● **PROBLEM TO SOLVE**
Give back exactly the lines of the entries below from the line with "I've listed some" to the line with "#3 mustard bottle [329,48,439,234]", inclusive, and only those.

[Stored data entries]

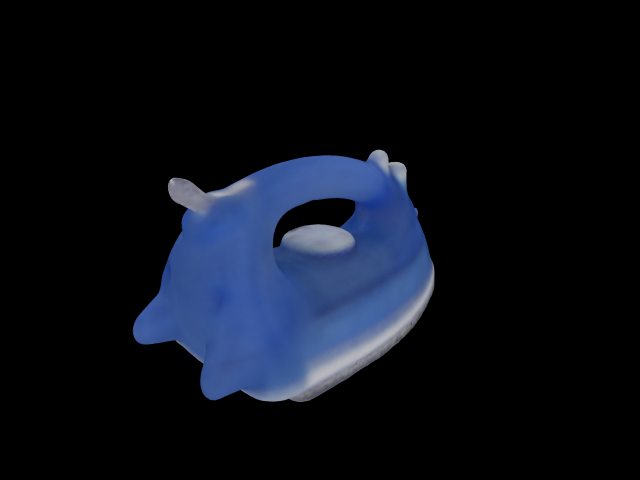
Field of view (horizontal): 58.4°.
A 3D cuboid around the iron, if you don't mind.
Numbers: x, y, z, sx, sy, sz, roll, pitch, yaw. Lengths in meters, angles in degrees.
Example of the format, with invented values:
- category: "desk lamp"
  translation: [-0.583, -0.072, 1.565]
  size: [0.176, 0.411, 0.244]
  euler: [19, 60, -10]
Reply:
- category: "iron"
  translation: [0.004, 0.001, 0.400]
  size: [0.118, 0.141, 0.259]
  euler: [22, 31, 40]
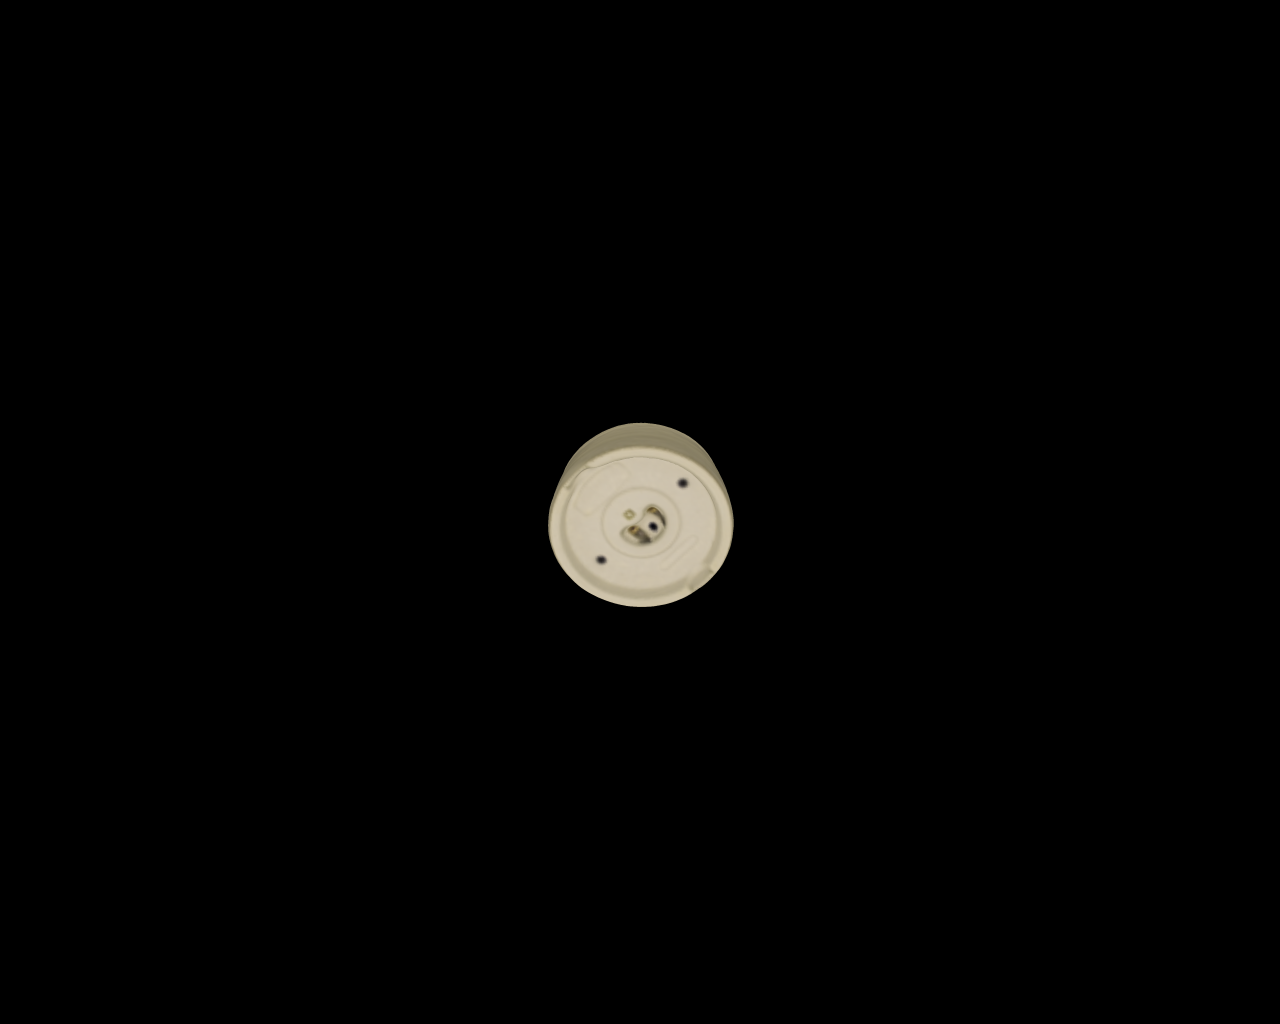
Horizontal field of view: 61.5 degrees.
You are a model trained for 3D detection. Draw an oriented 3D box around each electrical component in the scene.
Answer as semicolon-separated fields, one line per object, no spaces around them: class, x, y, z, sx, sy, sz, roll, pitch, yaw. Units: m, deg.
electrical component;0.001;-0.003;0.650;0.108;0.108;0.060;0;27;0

==

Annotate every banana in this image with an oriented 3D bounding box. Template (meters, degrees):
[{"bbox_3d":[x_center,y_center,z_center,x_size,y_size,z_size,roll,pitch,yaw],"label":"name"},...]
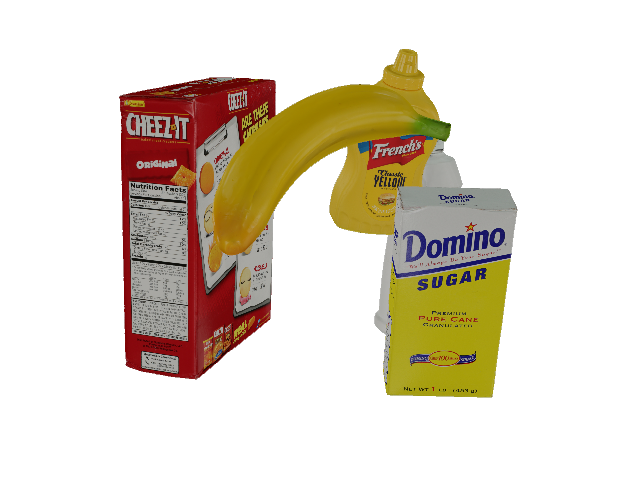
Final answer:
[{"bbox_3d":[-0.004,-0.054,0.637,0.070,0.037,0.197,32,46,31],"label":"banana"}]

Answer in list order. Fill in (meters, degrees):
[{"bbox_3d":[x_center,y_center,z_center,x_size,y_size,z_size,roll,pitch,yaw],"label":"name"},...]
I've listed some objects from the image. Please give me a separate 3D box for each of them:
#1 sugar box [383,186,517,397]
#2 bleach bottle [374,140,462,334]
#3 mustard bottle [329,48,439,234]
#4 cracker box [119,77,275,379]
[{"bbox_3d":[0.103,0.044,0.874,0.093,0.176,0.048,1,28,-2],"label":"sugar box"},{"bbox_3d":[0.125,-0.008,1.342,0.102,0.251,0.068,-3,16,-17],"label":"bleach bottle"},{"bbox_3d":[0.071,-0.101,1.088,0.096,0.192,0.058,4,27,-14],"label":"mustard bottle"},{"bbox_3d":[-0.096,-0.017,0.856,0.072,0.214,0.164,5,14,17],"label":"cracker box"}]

● **EXERCISE RESPONSE**
I've listed some objects from the image. Please give me a separate 3D box for each of them:
#1 sugar box [383,186,517,397]
#2 bleach bottle [374,140,462,334]
#3 mustard bottle [329,48,439,234]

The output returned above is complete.